The buying of it was pretty anti-climactic.  My friend was getting a new one, I said how much do you want for your old one, she said, $20, and it was mine.  When I told her we had never owned one before, she immediately said, "What, how do you eat corn dogs!?"  She was serious too.  So, I think today I will address many of the questions and comments we've received during the course of our no microwave marriage.

1.  How do you eat corn dogs?

I don't.  There was that one time that Erik bought them for the kids, but he put them in the oven.  Besides corn dogs are gross.

2.  How do you eat popcorn?

Air popper.  It tastes better too than that lame-o microwavable stuff.

3.  How do you boil water?

It's called a tea kettle.  Works really fast.

4.  This Tupperware is awesome!  It allows you to cook eggs in the microwave in just minutes!
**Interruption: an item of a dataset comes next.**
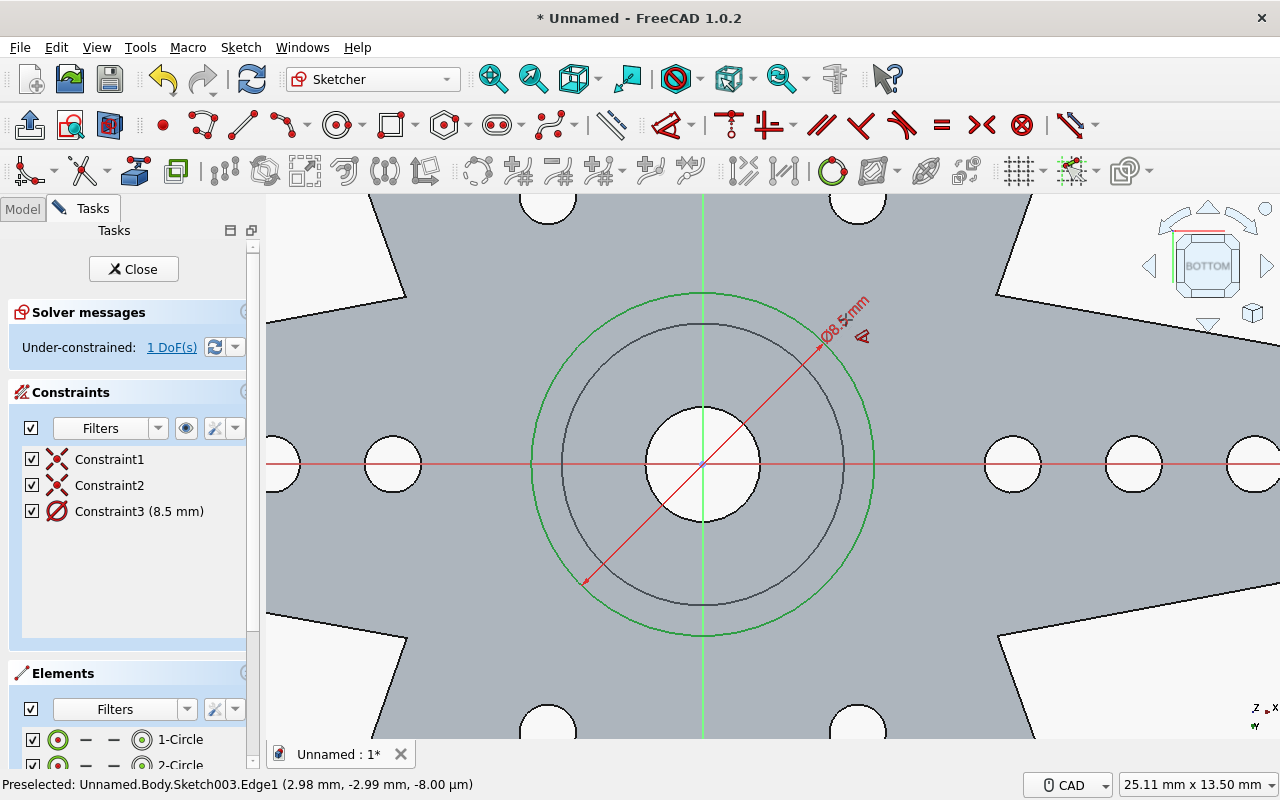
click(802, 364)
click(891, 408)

Ever tried a pan on a stove?  It also allows you to cook eggs in minutes too!

5.  How do you eat leftovers?

It does take awhile.  I don't really like leftovers, so it's not that big of an issue for me.  I heat them up in the oven or in a pot on the stove.

6.  How do your kids eat?

With forks and spoons. Charlie still tends to use his hands quite a bit.  Seriously, though, I don't get what owning a microwave has to do with feeding your children.

7.  How do you survive?!?!!!!!!

Very nicely, thank you.  We've had the microwave for a few weeks and hardly used it.  Every time we do use it, we feel like cavemen.  It's so foreign to us.  We're not really sure what buttons to push, so we just keep hitting stuff until it goes on.  Then we move as far away from it as possible as to avoid looking directly into it's devil light and being blinded forever.

8.  Why are you anti-microwave?

I'm not anti-microwave.  I just think food tastes better when it's not cooked in a microwave.  That's it.  Maybe it's all in my head, but I don't care.

Oh and just in case you thought to have missed something.  NO, I have not had the baby yet.  YES, I'm over a week past my due date now.